String类不可被继承，String对象是可不变的
String实例的字符串都是同过char[]储存的
String 类中每一个看起来会修改 String 值的方法，实际上都是创建了一个全新的 String对象，以包含修改后的字符串内容。而最初的 String 对象则丝毫未动。

public class Test {
    public static void main(String[] args) {
        String str1 = "aaBBcc";
        System.out.println(str1);//aaBBcc
        String str2 = upcase(str1);
        System.out.println(str2);//AABBCC
        System.out.println(str1);//aaBBcc
    }
    public static String upcase(String str){
        return str.toUpperCase();
    }
}
str1 并没有改变

`+`与StringBuilder

在java中+连接符可以用来连接字符串，其原理又是怎么样的呢，看看代码

//测试代码
public class Test {
    public static void main(String[] args) {
        String str1 = "str1-a";
        String str2 = "str2-b";
        System.out.println(str1+str2);
    }

}
//反编译结果
public class Test
{
	public Test(){}
	public static void main(String args[])
	{
		String str1 = "str1-a";
		String str2 = "str2-b";
		System.out.println((new StringBuilder()).append(str1).append(str2).toString());
	}
}

根据源码可以看出：

在java中使用+拼接字符串的时候，编译器会默认的创建StringBuilder对象使用append()方法拼接字符串，然后调用toString方法返回拼接好的字符串。
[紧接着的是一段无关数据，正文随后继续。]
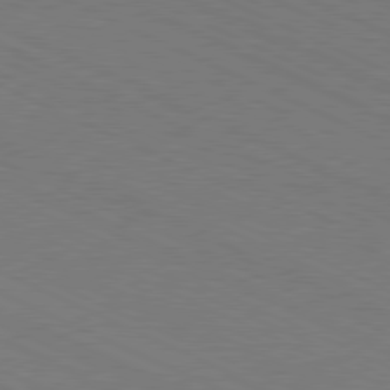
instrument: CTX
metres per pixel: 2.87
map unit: Hpe
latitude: -81.4833
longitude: 15.2187
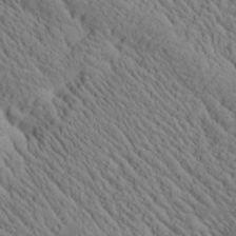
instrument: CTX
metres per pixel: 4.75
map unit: Htu
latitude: 0.9513
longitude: 175.2942
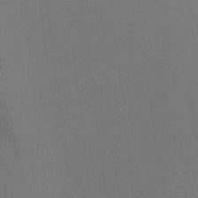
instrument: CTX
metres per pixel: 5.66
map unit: Ht
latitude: -9.0486
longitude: -30.9514
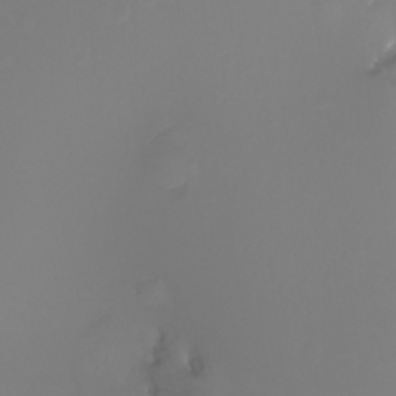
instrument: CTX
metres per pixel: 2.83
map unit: Nhu
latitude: -7.9556
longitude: -73.2159
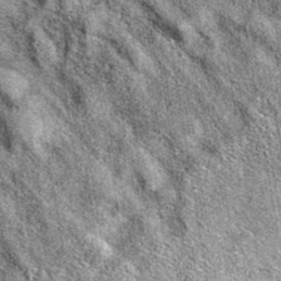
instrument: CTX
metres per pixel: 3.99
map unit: eAb
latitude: 37.7072
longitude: 105.8044
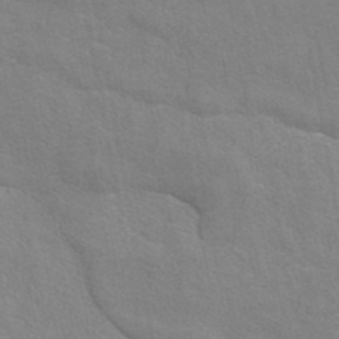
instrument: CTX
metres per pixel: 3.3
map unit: eAb
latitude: 44.7057
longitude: 108.7274
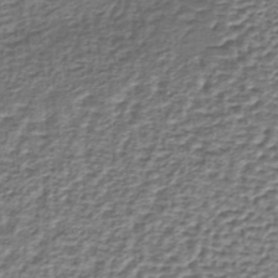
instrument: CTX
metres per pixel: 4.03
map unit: lHb
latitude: -36.9163
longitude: 59.0864
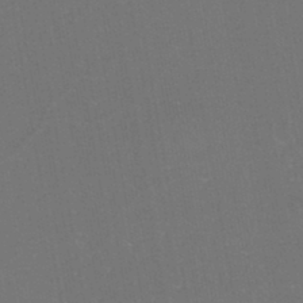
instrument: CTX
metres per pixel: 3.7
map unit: eHh
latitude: -44.5385
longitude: -28.8569
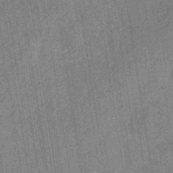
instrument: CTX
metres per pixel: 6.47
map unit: HNb
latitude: -31.3320
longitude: 60.4251
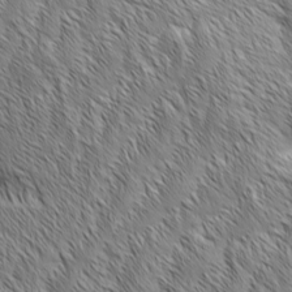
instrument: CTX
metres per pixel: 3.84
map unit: Aa
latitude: 6.1956
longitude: -129.8772
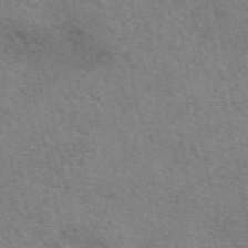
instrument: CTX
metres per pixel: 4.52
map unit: eAb
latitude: 50.8191
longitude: 112.0094
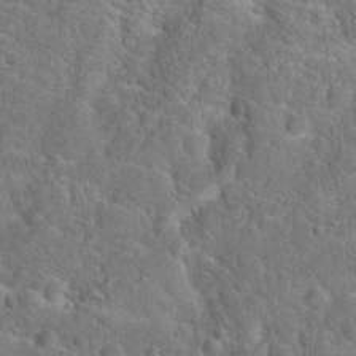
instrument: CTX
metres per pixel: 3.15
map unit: Hto
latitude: 19.3859
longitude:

由于append()方法的各种重载形式会调用String.valueOf方法。

`+`的运行效率

使用“+”连接符时，JVM会隐式创建StringBuilder对象，这种方式在大部分情况下并不会造成效率的损失，不过在进行大量循环拼接字符串时则需要注意。

String s = "abc";
for (int i=0; i<10000; i++) {
    s += "abc";
}

/**
 * 反编译后
 */
String s = "abc";
for(int i = 0; i < 1000; i++) {
     s = (new StringBuilder()).append(s).append("abc").toString();    
}

这样由于大量StringBuilder创建在堆内存中，肯定会造成效率的损失 ,可以在外面创建StringBuilder优化

StringBuilder sb = new StringBuilder("abc");
for (int i = 0; i < 1000; i++) {
    sb.append("abc");
}
sb.toString();

还有一种特殊情况，当+两边在编译期都为确定的字符串常量时，编译器会自动优化，直接将两个常量拼接好。

例如：

System.out.println("hello"+"world");
//反编译后
System.out.println("helloworld");
---------------------------------
//final 修饰变量 不可变
String s1 = "hello1";
final int i = 1;
String s2 = "hello"+i;
System.out.println(s2==s1)//true
---------------------------------    
String s1 = "hello1";
final int i = getI();
//虽然通过final修饰但是是通过方法调用的，指向的不是同一个对象
String s2 = "hello"+i;
System.out.println(s2==s1)//false    

public int getI(){ return 1;}

字符串常量池

在JDK1.7之前运行时常量池逻辑包含字符串常量池存放在方法区，时hotspot虚拟机对方法区的实现为永久代

在JDK1.7字符串常量池被方法区拿到了堆中，运行时常量池还在方法区中

在JDK1.8hotspot移除了方法区，用元空间代替，字符串常量池还在堆中，运行时常量池还在方法区中，只不过方法区的实现从永久代变成了元空间(Metaspace)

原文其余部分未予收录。